Segment Start: Given data

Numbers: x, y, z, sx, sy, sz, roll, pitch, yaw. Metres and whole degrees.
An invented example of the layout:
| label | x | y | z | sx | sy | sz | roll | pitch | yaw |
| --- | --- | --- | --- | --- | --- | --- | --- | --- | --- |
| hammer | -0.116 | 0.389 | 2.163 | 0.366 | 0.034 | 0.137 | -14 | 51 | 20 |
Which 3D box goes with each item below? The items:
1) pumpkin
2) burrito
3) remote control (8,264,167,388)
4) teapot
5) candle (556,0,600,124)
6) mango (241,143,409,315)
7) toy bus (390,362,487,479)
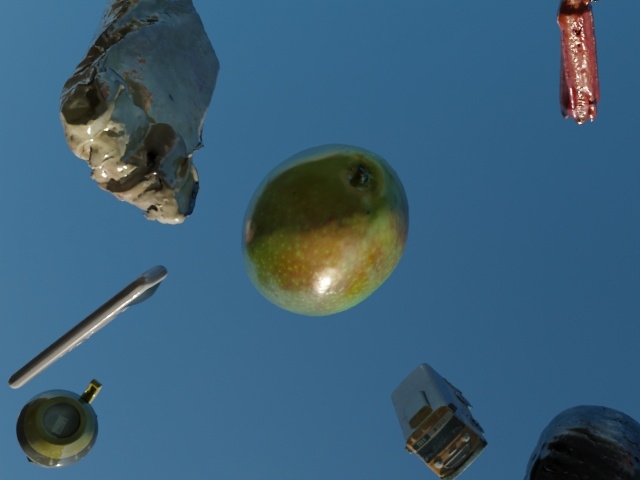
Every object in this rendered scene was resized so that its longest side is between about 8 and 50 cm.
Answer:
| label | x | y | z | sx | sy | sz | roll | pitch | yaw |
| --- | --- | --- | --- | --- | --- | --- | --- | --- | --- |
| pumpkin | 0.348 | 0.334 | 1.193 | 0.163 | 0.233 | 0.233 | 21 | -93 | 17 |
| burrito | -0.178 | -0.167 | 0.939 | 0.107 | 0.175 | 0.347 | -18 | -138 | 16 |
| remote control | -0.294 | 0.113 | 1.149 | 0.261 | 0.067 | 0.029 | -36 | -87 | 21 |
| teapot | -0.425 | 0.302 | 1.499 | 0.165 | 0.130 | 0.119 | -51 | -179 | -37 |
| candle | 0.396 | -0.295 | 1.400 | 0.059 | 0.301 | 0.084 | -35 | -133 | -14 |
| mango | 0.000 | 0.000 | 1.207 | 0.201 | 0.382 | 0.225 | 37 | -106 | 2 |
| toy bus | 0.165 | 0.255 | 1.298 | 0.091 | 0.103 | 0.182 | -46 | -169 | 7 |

Segment End: Given data

Starting at the line that contains "Which 3D box", retype every line through the end of the material exactly as written, including both end lines but no pictures.

## [Task answer]
Which 3D box goes with each item below? The items:
1) pumpkin
2) burrito
3) remote control (8,264,167,388)
4) teapot
5) candle (556,0,600,124)
6) mango (241,143,409,315)
7) toy bus (390,362,487,479)
Every object in this rendered scene was resized so that its longest side is between about 8 and 50 cm.
Answer:
| label | x | y | z | sx | sy | sz | roll | pitch | yaw |
| --- | --- | --- | --- | --- | --- | --- | --- | --- | --- |
| pumpkin | 0.348 | 0.334 | 1.193 | 0.163 | 0.233 | 0.233 | 21 | -93 | 17 |
| burrito | -0.178 | -0.167 | 0.939 | 0.107 | 0.175 | 0.347 | -18 | -138 | 16 |
| remote control | -0.294 | 0.113 | 1.149 | 0.261 | 0.067 | 0.029 | -36 | -87 | 21 |
| teapot | -0.425 | 0.302 | 1.499 | 0.165 | 0.130 | 0.119 | -51 | -179 | -37 |
| candle | 0.396 | -0.295 | 1.400 | 0.059 | 0.301 | 0.084 | -35 | -133 | -14 |
| mango | 0.000 | 0.000 | 1.207 | 0.201 | 0.382 | 0.225 | 37 | -106 | 2 |
| toy bus | 0.165 | 0.255 | 1.298 | 0.091 | 0.103 | 0.182 | -46 | -169 | 7 |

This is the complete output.